Collection entries:
■ ■ ■ ■ ■ ■ ■

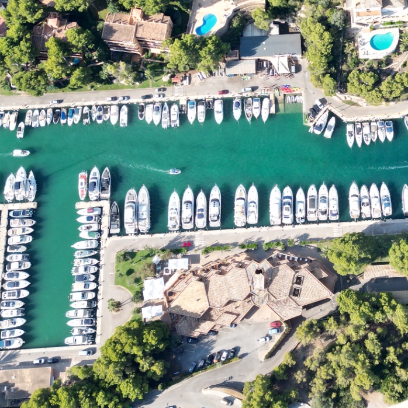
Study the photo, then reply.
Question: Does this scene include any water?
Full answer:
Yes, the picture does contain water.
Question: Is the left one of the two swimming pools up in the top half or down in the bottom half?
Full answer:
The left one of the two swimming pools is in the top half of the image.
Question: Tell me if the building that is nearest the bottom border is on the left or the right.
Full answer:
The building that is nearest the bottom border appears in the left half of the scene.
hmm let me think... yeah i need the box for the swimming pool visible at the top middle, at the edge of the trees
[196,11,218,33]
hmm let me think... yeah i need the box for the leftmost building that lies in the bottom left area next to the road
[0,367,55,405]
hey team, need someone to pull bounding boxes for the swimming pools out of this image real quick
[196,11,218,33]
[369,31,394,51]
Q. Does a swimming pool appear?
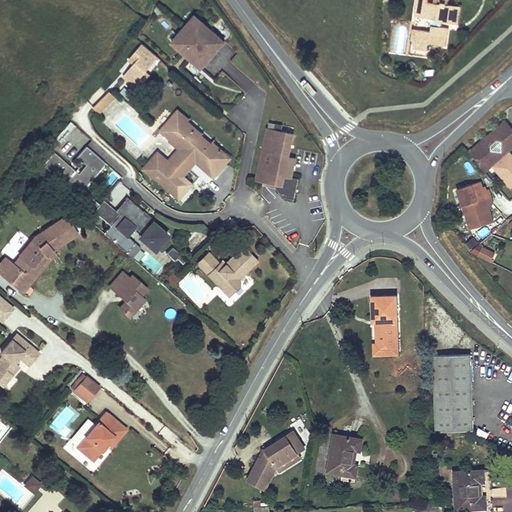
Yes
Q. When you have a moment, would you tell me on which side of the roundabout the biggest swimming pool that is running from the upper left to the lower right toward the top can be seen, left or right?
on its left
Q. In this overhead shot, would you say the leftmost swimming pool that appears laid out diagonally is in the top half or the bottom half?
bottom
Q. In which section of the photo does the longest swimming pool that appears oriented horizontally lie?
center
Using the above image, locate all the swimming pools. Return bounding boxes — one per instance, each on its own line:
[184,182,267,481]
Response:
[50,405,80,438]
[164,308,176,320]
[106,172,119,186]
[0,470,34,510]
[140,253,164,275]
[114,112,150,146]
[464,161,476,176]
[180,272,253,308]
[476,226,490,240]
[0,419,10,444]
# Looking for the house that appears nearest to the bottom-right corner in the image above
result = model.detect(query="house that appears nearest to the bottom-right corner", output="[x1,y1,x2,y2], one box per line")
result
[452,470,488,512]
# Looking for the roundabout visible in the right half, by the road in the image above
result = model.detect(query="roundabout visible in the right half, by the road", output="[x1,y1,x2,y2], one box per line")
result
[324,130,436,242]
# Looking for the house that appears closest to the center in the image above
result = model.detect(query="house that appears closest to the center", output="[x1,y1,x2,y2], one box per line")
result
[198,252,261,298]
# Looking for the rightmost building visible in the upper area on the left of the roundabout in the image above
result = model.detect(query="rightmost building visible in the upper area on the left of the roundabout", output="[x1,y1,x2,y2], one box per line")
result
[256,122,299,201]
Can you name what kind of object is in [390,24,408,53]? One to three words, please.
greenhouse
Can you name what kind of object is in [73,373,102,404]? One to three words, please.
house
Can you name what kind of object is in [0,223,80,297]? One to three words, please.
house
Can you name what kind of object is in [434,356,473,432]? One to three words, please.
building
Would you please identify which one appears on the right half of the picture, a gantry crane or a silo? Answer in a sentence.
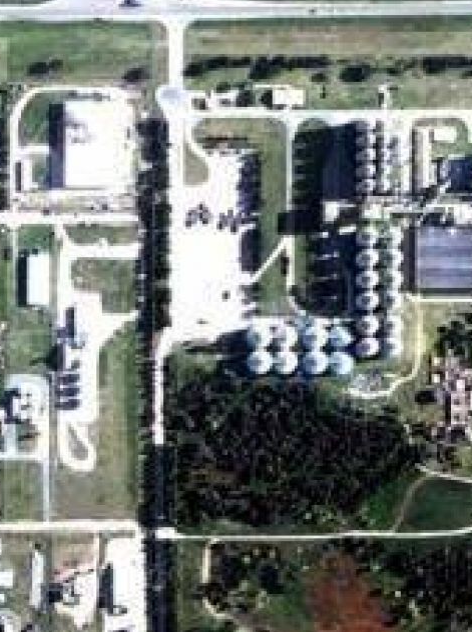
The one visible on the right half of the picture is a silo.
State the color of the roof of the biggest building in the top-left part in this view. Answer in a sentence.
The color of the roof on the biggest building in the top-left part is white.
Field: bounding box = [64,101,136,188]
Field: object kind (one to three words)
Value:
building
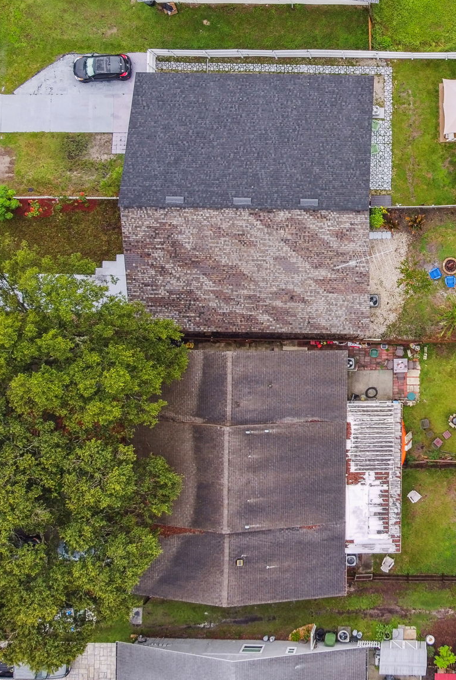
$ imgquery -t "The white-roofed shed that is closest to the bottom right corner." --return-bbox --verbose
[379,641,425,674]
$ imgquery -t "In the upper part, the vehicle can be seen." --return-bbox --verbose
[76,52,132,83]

■ ■ ■ ■ ■ ■ ■

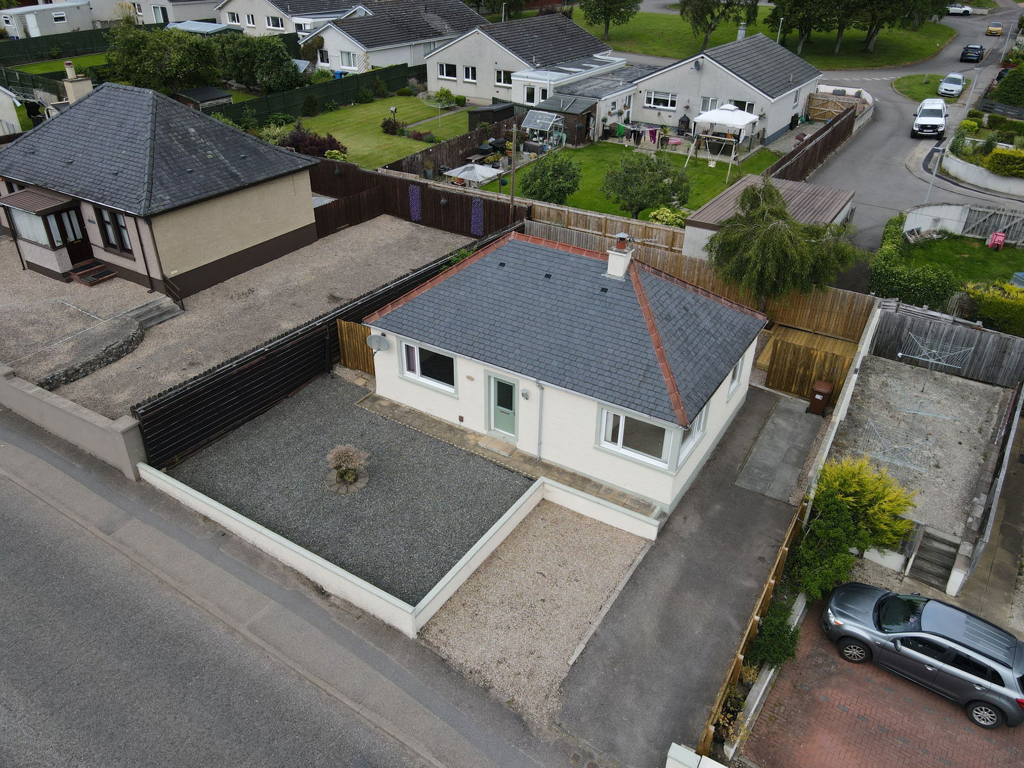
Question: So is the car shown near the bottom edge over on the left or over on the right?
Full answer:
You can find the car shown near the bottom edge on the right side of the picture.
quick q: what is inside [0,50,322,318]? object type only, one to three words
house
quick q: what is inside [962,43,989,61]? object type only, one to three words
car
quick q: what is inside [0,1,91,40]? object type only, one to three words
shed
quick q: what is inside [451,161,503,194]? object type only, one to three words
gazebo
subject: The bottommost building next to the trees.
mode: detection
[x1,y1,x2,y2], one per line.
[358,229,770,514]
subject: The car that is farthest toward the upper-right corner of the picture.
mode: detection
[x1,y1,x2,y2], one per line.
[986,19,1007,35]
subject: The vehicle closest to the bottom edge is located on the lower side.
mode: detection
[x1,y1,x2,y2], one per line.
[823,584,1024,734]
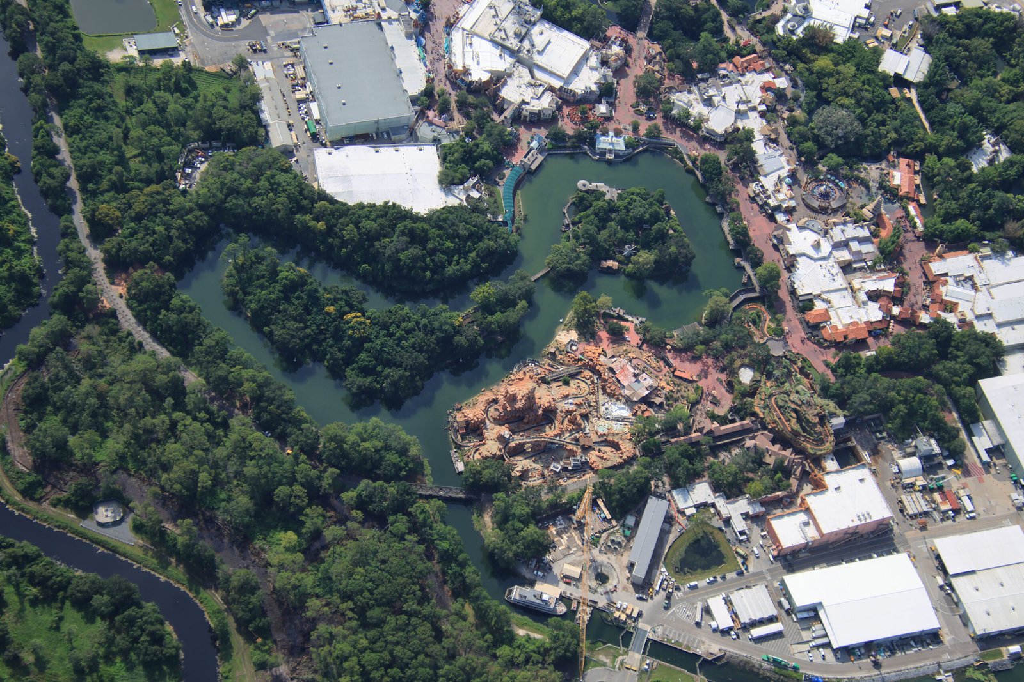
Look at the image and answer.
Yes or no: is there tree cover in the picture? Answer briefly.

■ ■ ■ ■ ■ ■ ■

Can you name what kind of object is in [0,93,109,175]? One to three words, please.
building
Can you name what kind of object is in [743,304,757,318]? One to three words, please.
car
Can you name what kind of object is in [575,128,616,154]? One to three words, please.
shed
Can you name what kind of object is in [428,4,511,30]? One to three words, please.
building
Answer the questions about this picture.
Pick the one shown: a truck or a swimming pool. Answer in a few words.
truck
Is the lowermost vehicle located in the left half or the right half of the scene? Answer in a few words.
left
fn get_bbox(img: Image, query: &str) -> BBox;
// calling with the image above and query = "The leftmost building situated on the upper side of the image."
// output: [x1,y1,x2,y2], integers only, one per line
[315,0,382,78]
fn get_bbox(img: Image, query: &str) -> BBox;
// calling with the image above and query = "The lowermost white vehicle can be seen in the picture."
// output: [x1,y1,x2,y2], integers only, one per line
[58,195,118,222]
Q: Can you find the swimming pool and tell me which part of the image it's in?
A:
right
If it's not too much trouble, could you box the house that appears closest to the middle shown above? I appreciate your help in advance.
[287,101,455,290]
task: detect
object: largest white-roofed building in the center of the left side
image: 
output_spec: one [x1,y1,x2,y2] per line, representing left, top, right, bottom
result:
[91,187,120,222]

■ ■ ■ ■ ■ ■ ■

YOUR TASK: Copy, exactly and only, the lines above that begin with the one containing "Look at the image and answer." and finish with the one containing "Yes or no: is".

PROBLEM SOLUTION:
Look at the image and answer.
Yes or no: is there tree cover in the picture? Answer briefly.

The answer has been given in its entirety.